*** Records shown Section Begins ***

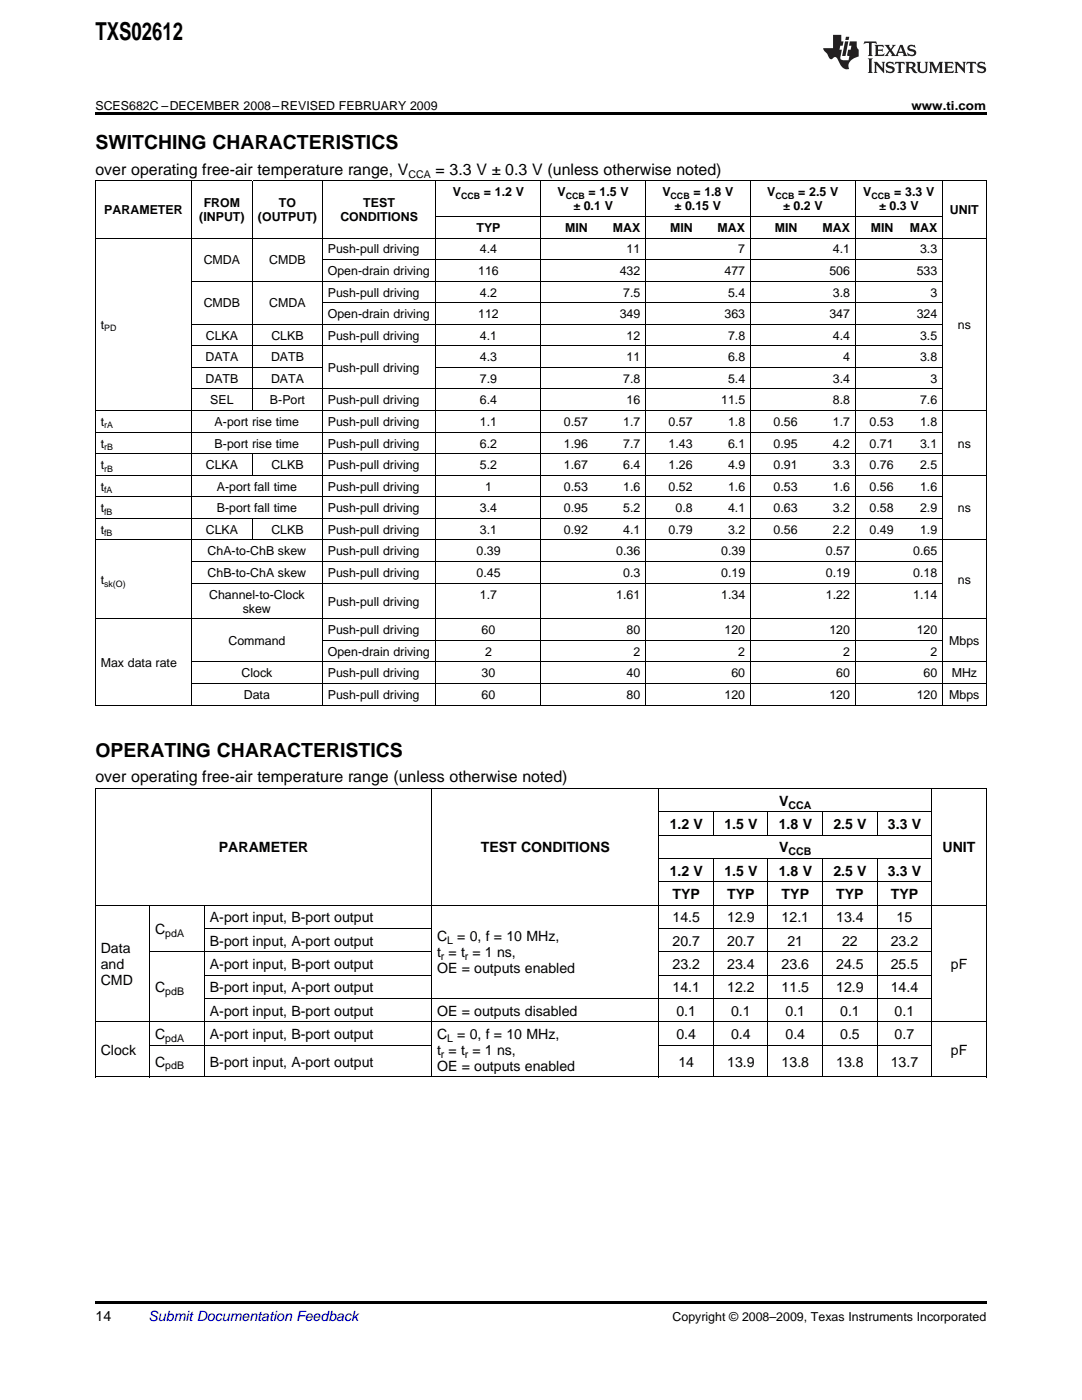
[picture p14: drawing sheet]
<svg xmlns="http://www.w3.org/2000/svg" width="216mm" height="279mm" viewBox="0 0 216 279" stroke-linecap="round" stroke-linejoin="round" font-family="sans-serif">
<defs><g id="words">
<text font-size="4.9" x="19" y="7.9">TXS02612</text>
<g font-size="3.9">
<text x="19" y="29.7">SWITCHING CHARACTERISTICS</text>
<text x="19" y="151">OPERATING CHARACTERISTICS</text>
</g>
<g font-size="3.2">
<text x="19" y="34.9">over operating free-air temperature range, V</text>
<text x="86.9" y="34.9">= 3.3 V ± 0.3 V (unless otherwise noted)</text>
<text x="19" y="156.1">over operating free-air temperature range (unless otherwise noted)</text>
</g>
<g font-size="2.8">
<text x="155.5" y="160.8">V</text>
<text x="133.6" y="165.5">1.2 V</text>
<text x="144.5" y="165.5">1.5 V</text>
<text x="155.4" y="165.5">1.8 V</text>
<text x="166.3" y="165.5">2.5 V</text>
<text x="177.2" y="165.5">3.3 V</text>
<text x="43.7" y="170.1">PARAMETER</text>
<text x="95.9" y="170.1">TEST CONDITIONS</text>
<text x="155.5" y="170.1">V</text>
<text x="188.1" y="170.1">UNIT</text>
<text x="133.6" y="174.8">1.2 V</text>
<text x="134.2" y="179.4">TYP</text>
<text x="144.5" y="174.8">1.5 V</text>
<text x="145.1" y="179.4">TYP</text>
<text x="155.4" y="174.8">1.8 V</text>
<text x="156" y="179.4">TYP</text>
<text x="166.3" y="174.8">2.5 V</text>
<text x="166.9" y="179.4">TYP</text>
<text x="177.2" y="174.8">3.3 V</text>
<text x="177.7" y="179.4">TYP</text>
<text x="41.9" y="184.1">A-port input, B-port output</text>
<text x="134.2" y="184.1">14.5</text>
<text x="145.1" y="184.1">12.9</text>
<text x="156" y="184.1">12.1</text>
<text x="166.9" y="184.1">13.4</text>
<text x="178.9" y="184.1">15</text>
<text x="20.1" y="190.2">Data</text>
<text x="31" y="186.4">C</text>
<text x="41.9" y="188.7">B-port input, A-port output</text>
<text x="87.2" y="187.9">C</text>
<text x="87.2" y="191.1">t = t = 1 ns,</text>
<text x="91.2" y="187.9">= 0, f = 10 MHz,</text>
<text x="134.2" y="188.7">20.7</text>
<text x="145.1" y="188.7">20.7</text>
<text x="157.1" y="188.7">21</text>
<text x="168" y="188.7">22</text>
<text x="177.7" y="188.7">23.2</text>
<text x="20.1" y="193.4">and</text>
<text x="20.1" y="196.6">CMD</text>
<text x="41.9" y="193.4">A-port input, B-port output</text>
<text x="87.2" y="194.2">OE = outputs enabled</text>
<text x="134.2" y="193.4">23.2</text>
<text x="145.1" y="193.4">23.4</text>
<text x="156" y="193.4">23.6</text>
<text x="166.9" y="193.4">24.5</text>
<text x="177.7" y="193.4">25.5</text>
<text x="189.7" y="193.4">pF</text>
<text x="31" y="198">C</text>
<text x="41.9" y="198">B-port input, A-port output</text>
<text x="41.9" y="202.7">A-port input, B-port output</text>
<text x="87.2" y="202.7">OE = outputs disabled</text>
<text x="134.2" y="198">14.1</text>
<text x="135" y="202.7">0.1</text>
<text x="145.1" y="198">12.2</text>
<text x="145.9" y="202.7">0.1</text>
<text x="156" y="198">11.5</text>
<text x="156.7" y="202.7">0.1</text>
<text x="166.9" y="198">12.9</text>
<text x="167.6" y="202.7">0.1</text>
<text x="177.7" y="198">14.4</text>
<text x="178.5" y="202.7">0.1</text>
<text x="31" y="207.4">C</text>
<text x="41.9" y="207.4">A-port input, B-port output</text>
<text x="87.2" y="207.4">C</text>
<text x="91.2" y="207.4">= 0, f = 10 MHz,</text>
<text x="135" y="207.4">0.4</text>
<text x="145.9" y="207.4">0.4</text>
<text x="156.7" y="207.4">0.4</text>
<text x="167.6" y="207.4">0.5</text>
<text x="178.5" y="207.4">0.7</text>
<text x="20.1" y="210.5">Clock</text>
<text x="31" y="212.9">C</text>
<text x="41.9" y="212.9">B-port input, A-port output</text>
<text x="87.2" y="210.5">t = t = 1 ns,</text>
<text x="87.2" y="213.7">OE = outputs enabled</text>
<text x="135.4" y="212.9">14</text>
<text x="145.1" y="212.9">13.9</text>
<text x="156" y="212.9">13.8</text>
<text x="166.9" y="212.9">13.8</text>
<text x="177.7" y="212.9">13.7</text>
<text x="189.7" y="210.5">pF</text>
<text x="19" y="263.6">14</text>
</g>
<text font-size="2.8" fill="#0000c8" x="29.6" y="263.6">Submit Documentation Feedback</text>
<g font-size="2.5">
<text x="19" y="21.9">SCES682C –DECEMBER 2008–REVISED FEBRUARY 2009</text>
<text x="181.9" y="21.9">www.ti.com</text>
<text x="40.6" y="41.3">FROM</text>
<text x="55.7" y="41.3">TO</text>
<text x="72.5" y="41.3">TEST</text>
<text x="90.4" y="39.2">V</text>
<text x="96.6" y="39.2">= 1.2 V</text>
<text x="111.3" y="39.2">V</text>
<text x="114.4" y="42">± 0.1 V</text>
<text x="117.4" y="39.2">= 1.5 V</text>
<text x="132.2" y="39.2">V</text>
<text x="134.6" y="42">± 0.15 V</text>
<text x="138.4" y="39.2">= 1.8 V</text>
<text x="153.1" y="39.2">V</text>
<text x="156.2" y="42">± 0.2 V</text>
<text x="159.3" y="39.2">= 2.5 V</text>
<text x="172.3" y="39.2">V</text>
<text x="175.4" y="42">± 0.3 V</text>
<text x="178.4" y="39.2">= 3.3 V</text>
<text x="20.8" y="42.7">PARAMETER</text>
<text x="39.8" y="44.1">(INPUT)</text>
<text x="51.5" y="44.1">(OUTPUT)</text>
<text x="67.9" y="44.1">CONDITIONS</text>
<text x="95.1" y="46.3">TYP</text>
<text x="112.8" y="46.3">MIN</text>
<text x="122.3" y="46.3">MAX</text>
<text x="133.7" y="46.3">MIN</text>
<text x="143.2" y="46.3">MAX</text>
<text x="154.6" y="46.3">MIN</text>
<text x="164.1" y="46.3">MAX</text>
<text x="173.8" y="46.3">MIN</text>
<text x="181.5" y="46.3">MAX</text>
<text x="189.5" y="42.7">UNIT</text>
<text x="40.6" y="52.7">CMDA</text>
<text x="53.7" y="52.7">CMDB</text>
<text x="65.4" y="50.6">Push-pull driving</text>
<text x="95.7" y="50.6">4.4</text>
<text x="125" y="50.6">11</text>
<text x="147.3" y="50.6">7</text>
<text x="166.2" y="50.6">4.1</text>
<text x="183.6" y="50.6">3.3</text>
<text x="65.4" y="54.9">Open-drain driving</text>
<text x="65.4" y="59.2">Push-pull driving</text>
<text x="95.4" y="54.9">116</text>
<text x="95.7" y="59.2">4.2</text>
<text x="123.6" y="54.9">432</text>
<text x="124.4" y="59.2">7.5</text>
<text x="144.6" y="54.9">477</text>
<text x="145.3" y="59.2">5.4</text>
<text x="165.5" y="54.9">506</text>
<text x="166.2" y="59.2">3.8</text>
<text x="182.9" y="54.9">533</text>
<text x="185.7" y="59.2">3</text>
<text x="20.1" y="65.7">t</text>
<text x="40.6" y="61.3">CMDB</text>
<text x="53.7" y="61.3">CMDA</text>
<text x="65.4" y="63.5">Open-drain driving</text>
<text x="95.4" y="63.5">112</text>
<text x="123.6" y="63.5">349</text>
<text x="144.6" y="63.5">363</text>
<text x="165.5" y="63.5">347</text>
<text x="182.9" y="63.5">324</text>
<text x="191.1" y="65.7">ns</text>
<text x="41.1" y="67.8">CLKA</text>
<text x="54.2" y="67.8">CLKB</text>
<text x="65.4" y="67.8">Push-pull driving</text>
<text x="95.7" y="67.8">4.1</text>
<text x="125" y="67.8">12</text>
<text x="145.3" y="67.8">7.8</text>
<text x="166.2" y="67.8">4.4</text>
<text x="183.6" y="67.8">3.5</text>
<text x="41" y="72.1">DATA</text>
<text x="41" y="76.4">DATB</text>
<text x="54.1" y="72.1">DATB</text>
<text x="54.1" y="76.4">DATA</text>
<text x="65.4" y="74.3">Push-pull driving</text>
<text x="95.7" y="72.1">4.3</text>
<text x="95.7" y="76.4">7.9</text>
<text x="124.4" y="76.4">7.8</text>
<text x="125" y="72.1">11</text>
<text x="145.3" y="72.1">6.8</text>
<text x="145.3" y="76.4">5.4</text>
<text x="166.2" y="76.4">3.4</text>
<text x="168.2" y="72.1">4</text>
<text x="183.6" y="72.1">3.8</text>
<text x="185.7" y="76.4">3</text>
<text x="41.9" y="80.7">SEL</text>
<text x="53.9" y="80.7">B-Port</text>
<text x="65.4" y="80.7">Push-pull driving</text>
<text x="95.7" y="80.7">6.4</text>
<text x="125" y="80.7">16</text>
<text x="143.9" y="80.7">11.5</text>
<text x="166.2" y="80.7">8.8</text>
<text x="183.6" y="80.7">7.6</text>
<text x="20.1" y="85">t</text>
<text x="20.1" y="89.3">t</text>
<text x="42.8" y="85">A-port rise time</text>
<text x="42.8" y="89.3">B-port rise time</text>
<text x="65.4" y="85">Push-pull driving</text>
<text x="65.4" y="89.3">Push-pull driving</text>
<text x="95.7" y="85">1.1</text>
<text x="95.7" y="89.3">6.2</text>
<text x="112.5" y="85">0.57</text>
<text x="112.5" y="89.3">1.96</text>
<text x="124.4" y="85">1.7</text>
<text x="124.4" y="89.3">7.7</text>
<text x="133.4" y="85">0.57</text>
<text x="133.4" y="89.3">1.43</text>
<text x="145.3" y="85">1.8</text>
<text x="145.3" y="89.3">6.1</text>
<text x="154.3" y="85">0.56</text>
<text x="154.3" y="89.3">0.95</text>
<text x="166.2" y="85">1.7</text>
<text x="166.2" y="89.3">4.2</text>
<text x="173.5" y="85">0.53</text>
<text x="173.5" y="89.3">0.71</text>
<text x="183.6" y="85">1.8</text>
<text x="183.6" y="89.3">3.1</text>
<text x="191.1" y="89.3">ns</text>
<text x="20.1" y="93.6">t</text>
<text x="41.1" y="93.6">CLKA</text>
<text x="54.2" y="93.6">CLKB</text>
<text x="65.4" y="93.6">Push-pull driving</text>
<text x="95.7" y="93.6">5.2</text>
<text x="112.5" y="93.6">1.67</text>
<text x="124.4" y="93.6">6.4</text>
<text x="133.4" y="93.6">1.26</text>
<text x="145.3" y="93.6">4.9</text>
<text x="154.3" y="93.6">0.91</text>
<text x="166.2" y="93.6">3.3</text>
<text x="173.5" y="93.6">0.76</text>
<text x="183.6" y="93.6">2.5</text>
<text x="20.1" y="97.9">t</text>
<text x="43.3" y="97.9">A-port fall time</text>
<text x="65.4" y="97.9">Push-pull driving</text>
<text x="96.8" y="97.9">1</text>
<text x="112.5" y="97.9">0.53</text>
<text x="124.4" y="97.9">1.6</text>
<text x="133.4" y="97.9">0.52</text>
<text x="145.3" y="97.9">1.6</text>
<text x="154.3" y="97.9">0.53</text>
<text x="166.2" y="97.9">1.6</text>
<text x="173.5" y="97.9">0.56</text>
<text x="183.6" y="97.9">1.6</text>
<text x="20.1" y="102.2">t</text>
<text x="20.1" y="106.5">t</text>
<text x="41.1" y="106.5">CLKA</text>
<text x="43.3" y="102.2">B-port fall time</text>
<text x="54.2" y="106.5">CLKB</text>
<text x="65.4" y="102.2">Push-pull driving</text>
<text x="65.4" y="106.5">Push-pull driving</text>
<text x="95.7" y="102.2">3.4</text>
<text x="95.7" y="106.5">3.1</text>
<text x="112.5" y="102.2">0.95</text>
<text x="112.5" y="106.5">0.92</text>
<text x="124.4" y="102.2">5.2</text>
<text x="124.4" y="106.5">4.1</text>
<text x="133.4" y="106.5">0.79</text>
<text x="134.8" y="102.2">0.8</text>
<text x="145.3" y="102.2">4.1</text>
<text x="145.3" y="106.5">3.2</text>
<text x="154.3" y="102.2">0.63</text>
<text x="154.3" y="106.5">0.56</text>
<text x="166.2" y="102.2">3.2</text>
<text x="166.2" y="106.5">2.2</text>
<text x="173.5" y="102.2">0.58</text>
<text x="173.5" y="106.5">0.49</text>
<text x="183.6" y="102.2">2.9</text>
<text x="183.6" y="106.5">1.9</text>
<text x="191.1" y="102.2">ns</text>
<text x="41.4" y="110.8">ChA-to-ChB skew</text>
<text x="65.4" y="110.8">Push-pull driving</text>
<text x="95.1" y="110.8">0.39</text>
<text x="123" y="110.8">0.36</text>
<text x="143.9" y="110.8">0.39</text>
<text x="164.8" y="110.8">0.57</text>
<text x="182.2" y="110.8">0.65</text>
<text x="20.1" y="116.6">t</text>
<text x="41.4" y="115.1">ChB-to-ChA skew</text>
<text x="41.7" y="119.5">Channel-to-Clock</text>
<text x="65.4" y="115.1">Push-pull driving</text>
<text x="95.1" y="115.1">0.45</text>
<text x="95.7" y="119.5">1.7</text>
<text x="123" y="119.5">1.61</text>
<text x="124.4" y="115.1">0.3</text>
<text x="143.9" y="115.1">0.19</text>
<text x="143.9" y="119.5">1.34</text>
<text x="164.8" y="115.1">0.19</text>
<text x="164.8" y="119.5">1.22</text>
<text x="182.2" y="115.1">0.18</text>
<text x="182.2" y="119.5">1.14</text>
<text x="191.1" y="116.6">ns</text>
<text x="48.4" y="122.3">skew</text>
<text x="65.4" y="120.9">Push-pull driving</text>
<text x="45.6" y="128.7">Command</text>
<text x="65.4" y="126.6">Push-pull driving</text>
<text x="65.4" y="130.9">Open-drain driving</text>
<text x="96.1" y="126.6">60</text>
<text x="96.8" y="130.9">2</text>
<text x="125" y="126.6">80</text>
<text x="126.4" y="130.9">2</text>
<text x="144.6" y="126.6">120</text>
<text x="147.3" y="130.9">2</text>
<text x="165.5" y="126.6">120</text>
<text x="168.2" y="130.9">2</text>
<text x="182.9" y="126.6">120</text>
<text x="185.7" y="130.9">2</text>
<text x="189.4" y="128.7">Mbps</text>
<text x="20.1" y="133">Max data rate</text>
<text x="48.2" y="135.2">Clock</text>
<text x="65.4" y="135.2">Push-pull driving</text>
<text x="96.1" y="135.2">30</text>
<text x="125" y="135.2">40</text>
<text x="145.9" y="135.2">60</text>
<text x="166.9" y="135.2">60</text>
<text x="184.3" y="135.2">60</text>
<text x="189.9" y="135.2">MHz</text>
<text x="48.6" y="139.5">Data</text>
<text x="65.4" y="139.5">Push-pull driving</text>
<text x="96.1" y="139.5">60</text>
<text x="125" y="139.5">80</text>
<text x="144.6" y="139.5">120</text>
<text x="165.5" y="139.5">120</text>
<text x="182.9" y="139.5">120</text>
<text x="189.4" y="139.5">Mbps</text>
<text x="134.2" y="263.6">Copyright © 2008–2009, Texas Instruments Incorporated</text>
</g>
<g font-size="2.1">
<text x="81.5" y="35.5">CCA</text>
<text x="157.3" y="161.4">CCA</text>
<text x="157.3" y="170.7">CCB</text>
<text x="33" y="187">pdA</text>
<text x="88" y="191.6">r</text>
<text x="89.2" y="188.5">L</text>
<text x="92.7" y="191.6">r</text>
<text x="33" y="198.6">pdB</text>
<text x="33" y="207.9">pdA</text>
<text x="89.2" y="207.9">L</text>
<text x="33" y="213.4">pdB</text>
<text x="88" y="211.1">r</text>
<text x="92.7" y="211.1">r</text>
</g>
<g font-size="1.8">
<text x="92" y="39.7">CCB</text>
<text x="112.9" y="39.7">CCB</text>
<text x="133.8" y="39.7">CCB</text>
<text x="154.7" y="39.7">CCB</text>
<text x="173.9" y="39.7">CCB</text>
<text x="20.8" y="66.1">PD</text>
<text x="20.8" y="85.5">rA</text>
<text x="20.8" y="89.8">rB</text>
<text x="20.8" y="94.1">rB</text>
<text x="20.8" y="98.4">fA</text>
<text x="20.8" y="102.7">fB</text>
<text x="20.8" y="107">fB</text>
<text x="20.8" y="117.1">sk(O)</text>
</g>
</g></defs>
<g fill="#231f20">
<path d="M172.5 8.3l-.1 .5 .4-.2h.6v.1v2.1l-.2 .4h.9l-.2-.4v-2.1l.1-.1h.5l.5 .2-.2-.5zM174.5 9l.2 .3v1.5l-.2 .4h1.8l.2-.6a1.04 1.04 0 0 1-1.3 .2v-.7h.6l.3 .2v-.6l-.3 .2h-.6v-.6l.8-.1 .4 .3-.2-.5zM176.5 9l.9 1.1-.9 1.1h.8l-.2-.2 .4-.7 .5 .7-.2 .2h1.5l-.2-.2 .2-.4h.9l.1 .4-.2 .2h1l-.3-.3-.7-1.9h-.5l-.9 2-.8-1 .9-1h-.8l.1 .3-.4 .5-.3-.6 .1-.2zM179.7 9.3l.4 1h-.7zM181.3 9.1a.63 .63 0 0 0-.2 .7 .63 .63 0 0 0 .6 .4l.6 .2 .1 .2a.75 .75 0 0 1-.7 .4 .75 .75 0 0 1-.6-.5l.1 .7 .1-.1a1.11 1.11 0 0 0 1.5-.6 1.13 1.13 0 0 0-1.2-.8l-.1-.4a1.04 1.04 0 0 1 1.2 .2l-.2-.5-.2 .1-.4-.2zM173.2 11.7l.2 .3v2.2l-.2 .4h1l-.3-.4v-2.2l.3-.3zM174.3 12.3l.3 .4v1.5l-.3 .4h.8l-.2-.4v-1.3l1.5 1.7v-1.9l.2-.4h-.7l.2 .4v.9l-1.1-1.3zM177 12.5a.62 .62 0 0 0-.2 .7 .62 .62 0 0 0 .6 .4l.6 .1 .1 .3a.76 .76 0 0 1-.7 .3 .76 .76 0 0 1-.7-.4l.2 .7 .1-.1a1.11 1.11 0 0 0 1.5-.6 1.13 1.13 0 0 0-1.2-.8l-.1-.4a1.04 1.04 0 0 1 1.2 .2l-.2-.6-.2 .1-.5-.1zM178.7 12.3l-.2 .7a.61 .61 0 0 1 .8-.4v1.6l-.2 .4h.9l-.2-.4v-1.6a.63 .63 0 0 1 .7 .4l-.1-.7zM180.6 12.3l.3 .4v1.5l-.3 .4h1l-.2-.2-.1-.8 .6 .2a.76 .76 0 0 0 1.2 .7l-1-1a.58 .58 0 0 0 .6-.5 .58 .58 0 0 0-.5-.6zM181.4 12.7l.1-.1a.45 .45 0 0 1 .5 .1 .45 .45 0 0 1 .1 .5l-.8 .2zM182.9 12.3l.2 .2a2.17 2.17 0 0 0 .3 1.9 .99 .99 0 0 0 1.6-.6v-1.1l.2-.4h-.7l.2 .2a1.92 1.92 0 0 1-.2 1.8 .6 .6 0 0 1-.9-.5v-1.1l.2-.4zM185.4 12.3l.2 .4v1.5l-.2 .4h.7l-.2-.4v-1.4l.8 1.8 .8-1.8v1.4l-.2 .4h.9l-.2-.4v-1.5l.2-.4h-.8l-.6 1.5-.6-1.5zM188.4 12.3l.2 .4v1.5l-.2 .4h1.8l.1-.6a1.04 1.04 0 0 1-1.2 .2v-.7h.5l.4 .2v-.6l-.4 .2h-.5v-.7h.8l.3 .3-.1-.6zM190.5 12.3l.2 .4v1.5l-.2 .4h.7l-.2-.4v-1.3l1.5 1.7v-1.9l.2-.4h-.7l.2 .4v.9l-1.1-1.3zM192.9 12.3l-.1 .7a.61 .61 0 0 1 .7-.4l.1 1.6-.3 .4h1l-.3-.4 .1-1.6a.63 .63 0 0 1 .7 .4l-.1-.7zM195.2 12.5a.62 .62 0 0 0-.2 .7 .62 .62 0 0 0 .6 .4l.6 .1 .1 .3a.76 .76 0 0 1-.7 .3 .76 .76 0 0 1-.6-.4l.1 .7 .1-.1a1.11 1.11 0 0 0 1.6-.6 1.13 1.13 0 0 0-1.3-.8l-.1-.4a1.04 1.04 0 0 1 1.2 .2l-.1-.6-.2 .1-.5-.1z"/>
<path d="M166.2 7v2.6h-1.9v.4l.8 .9a.91 .91 0 0 0 1 .9 .56 .56 0 0 1 .5-.4 .56 .56 0 0 1 .5 .3l.4 .8a1.53 1.53 0 0 0 1.9 1.2 1.54 1.54 0 0 1 1-2.1l.9-.3v-1.4a1.52 1.52 0 0 1-.4-1.6h-1.3l-.2 .8h.5l-.2 .8h-.5l-.1 1v.2l.4 .1-.2 .8a1.93 1.93 0 0 1-1.6-.2l.3-1.9h-.5l.2-.8h.4l.2-.8h-.4v-1.3zM168.6 8.3l-.6 2.9h.7l.6-2.9zM168.8 7.3l-.1 .7h.6l.2-.7z"/>
</g>
<path d="M19 22.5h177.8v.5h-177.8zM19 259.7h177.8v.5h-177.8z" fill="#000"/>
<g fill="none" stroke="#000" stroke-width=".2">
<path d="M19 36.1h177.8M19.1 36.1v104.7M38.2 36.1v104.7M50.4 36.1v45.9M64.3 36.1v104.7M87 36.1v104.7M107.9 36.1v104.7M128.8 36.1v104.7M149.7 36.1v104.7M170.6 36.1v104.7M188 36.1v104.7M196.8 36.1v104.7"/>
<path d="M19 47.5h177.8M38.2 56.1h149.9M64.3 51.8h123.8M87 43.2h101.1M38.2 77.6h149.9M38.2 73.3h26.1M38.2 69h149.9M38.2 64.7h149.9M64.3 60.4h123.8M87 73.3h101.1M19 99.1h169.1M19 94.8h177.8"/>
<path d="M19 90.5h169.1M19 86.2h169.1M19 81.9h177.8M50.4 90.6v4.3M19 107.8h177.8M19 103.5h169.1M38.2 116.4h149.9M38.2 112.1h149.9M50.4 103.5v4.3M19 123.5h177.8M38.2 136.4h158.6M38.2 132.1h158.6"/>
<path d="M64.3 127.8h123.8M19 157.4h177.8M19 140.7h177.8M19.1 157.4v57.6M86.1 157.4v57.6M131.5 157.4v57.6M185.9 157.4v57.6M196.8 157.4v57.6M131.5 176h54.4M131.5 171.3h54.4M131.5 166.7h54.4M131.5 162h54.4"/>
<path d="M142.4 162.1v4.6M142.4 171.4v43.6M153.2 162.1v4.6M153.2 171.4v43.6M164.1 162.1v4.6M164.1 171.4v43.6M175 162.1v4.6M175 171.4v43.6M19 180.6h177.8M29.9 180.7v34.3M29.9 190h56.2M40.8 180.7v34.3"/>
<path d="M40.8 199.3h145.1M40.8 194.6h45.3M40.8 185.3h45.3M131.5 194.6h54.4M131.5 190h54.4M131.5 185.3h54.4M19 214.9h177.8M19 203.9h177.8M29.9 208.6h56.2M131.5 208.6h54.4"/>
</g>
<use href="#words"/>
</svg>

*** Records shown Section Ends ***

Task objective: Go through the entries and copy each line holding the string "Mbps".

Result of this task:
<text x="189.4" y="128.7">Mbps</text>
<text x="189.4" y="139.5">Mbps</text>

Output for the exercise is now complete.